BEGIN

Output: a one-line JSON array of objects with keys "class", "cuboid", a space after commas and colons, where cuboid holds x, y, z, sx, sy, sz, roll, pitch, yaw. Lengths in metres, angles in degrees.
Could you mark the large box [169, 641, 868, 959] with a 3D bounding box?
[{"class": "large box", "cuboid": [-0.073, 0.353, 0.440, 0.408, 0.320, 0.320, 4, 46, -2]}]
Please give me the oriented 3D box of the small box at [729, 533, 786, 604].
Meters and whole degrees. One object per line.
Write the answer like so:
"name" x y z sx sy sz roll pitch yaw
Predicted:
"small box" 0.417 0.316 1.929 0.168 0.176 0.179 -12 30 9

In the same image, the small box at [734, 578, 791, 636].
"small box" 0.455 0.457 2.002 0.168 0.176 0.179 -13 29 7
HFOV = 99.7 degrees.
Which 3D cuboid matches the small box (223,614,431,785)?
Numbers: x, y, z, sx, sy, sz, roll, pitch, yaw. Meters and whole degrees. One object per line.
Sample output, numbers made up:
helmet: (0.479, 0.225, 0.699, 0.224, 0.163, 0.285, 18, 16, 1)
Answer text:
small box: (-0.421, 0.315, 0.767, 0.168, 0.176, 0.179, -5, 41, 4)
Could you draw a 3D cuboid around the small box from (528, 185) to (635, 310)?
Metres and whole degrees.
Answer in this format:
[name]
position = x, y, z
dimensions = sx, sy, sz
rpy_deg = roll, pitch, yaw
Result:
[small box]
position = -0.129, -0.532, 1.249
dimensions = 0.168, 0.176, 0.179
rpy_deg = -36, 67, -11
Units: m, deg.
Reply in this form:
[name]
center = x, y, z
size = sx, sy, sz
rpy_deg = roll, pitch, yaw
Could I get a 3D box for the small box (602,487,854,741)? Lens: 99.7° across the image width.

END

**WHAT NEEDS TO BE DONE:** Retype, exactly as written, each line from the one that has "Please give me" to the bottom of the entries above, and include both of those lines.

**COMPLETED EXERCISE:**
Please give me the oriented 3D box of the small box at [729, 533, 786, 604].
Meters and whole degrees. One object per line.
Write the answer like so:
"name" x y z sx sy sz roll pitch yaw
Predicted:
"small box" 0.417 0.316 1.929 0.168 0.176 0.179 -12 30 9

In the same image, the small box at [734, 578, 791, 636].
"small box" 0.455 0.457 2.002 0.168 0.176 0.179 -13 29 7
HFOV = 99.7 degrees.
Which 3D cuboid matches the small box (223,614,431,785)?
Numbers: x, y, z, sx, sy, sz, roll, pitch, yaw. Meters and whole degrees. One object per line.
Sample output, numbers made up:
helmet: (0.479, 0.225, 0.699, 0.224, 0.163, 0.285, 18, 16, 1)
Answer text:
small box: (-0.421, 0.315, 0.767, 0.168, 0.176, 0.179, -5, 41, 4)
Could you draw a 3D cuboid around the small box from (528, 185) to (635, 310)?
Metres and whole degrees.
Answer in this format:
[name]
position = x, y, z
dimensions = sx, sy, sz
rpy_deg = roll, pitch, yaw
Result:
[small box]
position = -0.129, -0.532, 1.249
dimensions = 0.168, 0.176, 0.179
rpy_deg = -36, 67, -11
Units: m, deg.
Reply in this form:
[name]
center = x, y, z
size = sx, sy, sz
rpy_deg = roll, pitch, yaw
Could I get a 3D box for the small box (602,487,854,741)? Lens: 99.7° across the image width.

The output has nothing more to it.